The end of the year is also a good time for some people to sell stocks that have appreciated significantly in value. This can be a particularly good strategy for those in the 10% and 12% tax brackets since their capital gains tax may be zero. The stocks can then be repurchased, which resets the basis and minimizes the amount of tax to be paid on future gains.

Even if you're not in the lowest tax brackets, you may want to sell winning stocks to reset the basis if you're also harvesting losses. Another reason to sell investments at this time of year is to rebalance your portfolio.

8. Harvest Losses on Cryptocurrency

A loophole in the law means people who own cryptocurrency should consider harvesting those losses in 2021. "Right now, the wash sale rule does not apply to cryptocurrencies," Subkoviak says.

That means investors can sell cryptocurrency for a loss and then immediately buy the same currency without it affecting their ability to deduct the loss. As with other investments, cryptocurrency losses can be used to offset capital gains or regular income taxes.

However, the Build Back Better proposal is poised to close this loophole so it's in your best interest claim losses now if you can. "Don't wait until 2022," Subkoviak says.

9. Donate Cash to a Charity

Deducting charitable donations has traditionally been a popular way to reduce tax liability, but not everyone can do so. "Normally, you need to itemize to deduct any charitable contributions," Bronnenkant explains. That can be hard to do with the 2021 standard deduction set at $12,550 for single taxpayers and $25,100 for married couples filing jointly.
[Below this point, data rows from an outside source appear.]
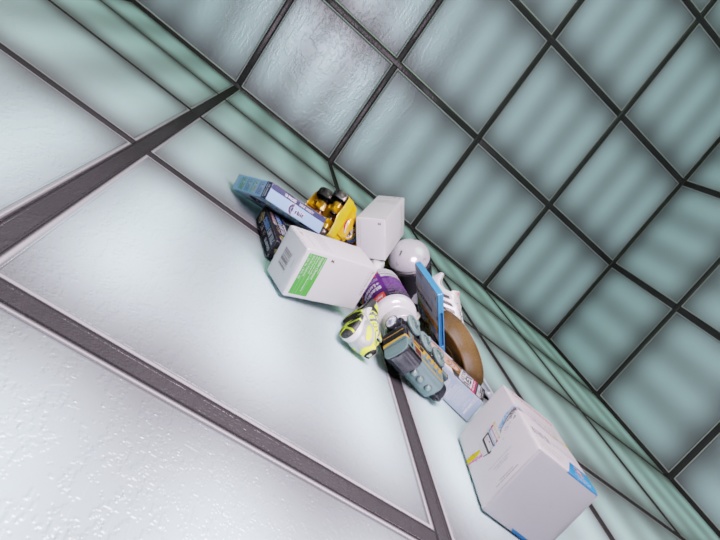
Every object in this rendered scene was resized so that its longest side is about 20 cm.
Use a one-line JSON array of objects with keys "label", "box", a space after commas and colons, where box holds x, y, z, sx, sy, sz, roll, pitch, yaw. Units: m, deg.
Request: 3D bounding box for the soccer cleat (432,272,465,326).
[{"label": "soccer cleat", "box": [0.238, 0.100, 1.406, 0.203, 0.084, 0.068, 55, 12, 15]}]

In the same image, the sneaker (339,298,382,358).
[{"label": "sneaker", "box": [0.008, 0.120, 1.101, 0.077, 0.074, 0.200, 53, 18, -6]}]

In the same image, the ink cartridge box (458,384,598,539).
[{"label": "ink cartridge box", "box": [0.287, 0.344, 0.964, 0.146, 0.146, 0.201, 37, 13, -12]}]

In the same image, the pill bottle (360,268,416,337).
[{"label": "pill bottle", "box": [0.067, 0.089, 1.250, 0.110, 0.113, 0.201, 32, 14, -26]}]

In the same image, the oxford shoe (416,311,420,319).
[{"label": "oxford shoe", "box": [0.111, 0.119, 1.363, 0.058, 0.075, 0.200, 44, 5, -2]}]

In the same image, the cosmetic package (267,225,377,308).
[{"label": "cosmetic package", "box": [-0.073, -0.003, 1.076, 0.196, 0.110, 0.085, 14, 25, -44]}]

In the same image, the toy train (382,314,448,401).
[{"label": "toy train", "box": [0.114, 0.183, 1.106, 0.201, 0.084, 0.116, 50, 23, -28]}]

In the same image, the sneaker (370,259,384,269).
[{"label": "sneaker", "box": [0.000, 0.000, 1.412, 0.096, 0.081, 0.199, 21, -7, -13]}]

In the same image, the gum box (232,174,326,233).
[{"label": "gum box", "box": [-0.199, -0.162, 1.305, 0.168, 0.046, 0.197, 33, -7, -38]}]

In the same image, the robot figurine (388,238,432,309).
[{"label": "robot figurine", "box": [0.137, 0.012, 1.490, 0.152, 0.120, 0.206, -99, 179, -55]}]

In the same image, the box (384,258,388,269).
[{"label": "box", "box": [0.095, -0.005, 1.581, 0.076, 0.049, 0.204, -122, -171, -56]}]

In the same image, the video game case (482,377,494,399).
[{"label": "video game case", "box": [0.275, 0.238, 1.446, 0.201, 0.023, 0.183, 52, 0, 42]}]

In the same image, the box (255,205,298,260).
[{"label": "box", "box": [-0.139, -0.047, 1.238, 0.195, 0.050, 0.201, 30, 14, -30]}]

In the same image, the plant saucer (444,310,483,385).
[{"label": "plant saucer", "box": [0.230, 0.201, 1.327, 0.202, 0.034, 0.204, 57, -20, 34]}]

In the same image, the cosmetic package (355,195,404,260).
[{"label": "cosmetic package", "box": [0.056, -0.116, 1.418, 0.082, 0.112, 0.200, 7, 24, 18]}]

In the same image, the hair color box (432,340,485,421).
[{"label": "hair color box", "box": [0.190, 0.237, 1.230, 0.199, 0.061, 0.099, 42, 13, 10]}]

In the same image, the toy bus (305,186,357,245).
[{"label": "toy bus", "box": [-0.055, -0.106, 1.432, 0.191, 0.138, 0.198, 41, -13, -31]}]

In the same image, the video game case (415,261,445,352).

However, the CARES Act included a provision to allow taxpayers to write off up to $300 in charitable contributions on their 2020 return even if they weren't able to itemize. That deduction is back for 2021, Bronnenkant says, and has been increased to $300 per person so a married couple, filing jointly, is eligible for an up to $600 deduction.

To claim the deduction, your gift must be a cash donation, but gifts to donor-advised funds do not qualify.

10. Meet With Your Tax Advisor

November is a good month to meet with a tax advisor. They have finished their October tax filings and may have time in their schedule before the busy tax season starts after the first of the year.

An advisor can help pinpoint end-of-tax-year strategies to reduce taxable income through retirement contributions or itemized deductions. That, in turn, may be key to ensuring households remain eligible for some income-based tax incentives such as student loan interest deductions. If you don't regularly use a tax professional, running numbers through tax software can be just as beneficial.